I’ll be the first to admit that I’ve never been the biggest Nicole Kidman fan. But there’s no denying she is one of the most fascinating actors at the moment. She’s jumped from one great performance to the next and now with Karyn Kusama’s Destroyer, she might have her greatest ever role. Kusama’s film lives and dies based on Kidman, who is on screen almost every single second of the two-hour run time.
“Don’t make excuses for what you want. It’s weak.”
Kidman plays Erin Bell, a detective in Los Angeles, who suddenly finds her life, or what’s left of it, thrust into her past when she comes across the dead body of someone she used to know very well. Bell is an alcoholic. She is a tornado of anger and despair. She sucks the good out of everyone around her. Even her own daughter wants nothing to do with her and even dates older men (she’s only 15) to try and agitate her on purpose.

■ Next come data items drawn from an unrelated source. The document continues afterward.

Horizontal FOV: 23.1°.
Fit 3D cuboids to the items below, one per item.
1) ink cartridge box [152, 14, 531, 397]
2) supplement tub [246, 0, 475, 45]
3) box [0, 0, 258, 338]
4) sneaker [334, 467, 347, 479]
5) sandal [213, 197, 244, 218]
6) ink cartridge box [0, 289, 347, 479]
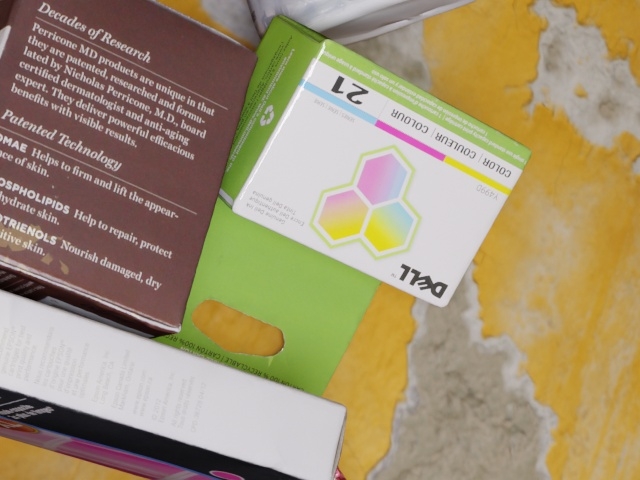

Kusama’s film goes back and forth between Bell’s investigation into the dead body and her past of how she got involved with said person. In the flashbacks, we see that Bell was a young deputy asked to infiltrate a gang of bank robbers with an undercover FBI agent (Sebastian Stan). The editing of these two storylines works really well, keeping up the suspense throughout. There was never a moment where I wasn’t on edge. Because Kusama’s film is always on edge. Just like Kidman’s character.
I do have some issues with Destroyer. For starters, I wanted more of the film’s antagonist. The film hints at how evil this guy is, and he seems to be a very small part of the film. I wanted more. There are also some issues with the logic that the film seems to gleefully ignore. Bell does something that completely ignores the rules of the law and no one ever seems to really care. And I have to mention the ending. I won’t say anything as to not ruin the revelation, but I felt a little cheated. Just a little.
“You didn’t get away.”
Having aired my grievances, I have to say Destroyer is an incredibly powerful character study of a woman who seems to be at the end of a very long rope. One that is firmly tightened around her neck. The only thing tighter is Kusama’s grip on the audience. Her film is muscular. Destroyer flexes some serious brawn, especially a sequence involving a bank robbery with Bell being the only available officer in proximity.
Kusama’s filmography is beguiling. She debuted with Girl Fight (unseen by me). Then she did the underappreciated Jennifer’s Body, a bonkers Horror-Comedy that might bite off more than it can chew. She made 2015’s The Invitation, a slow burn Horror movie that is one of the best the genre gave us this decade. And now we arrive at Destroyer. A movie that Walter Hill or Sam Peckinpah would’ve made 40 years ago with Charles Bronson or James Caan. But instead, we have Nicole Kidman. Who annihilates everything in her way. And sets the screen on fire. Destroyer is something else.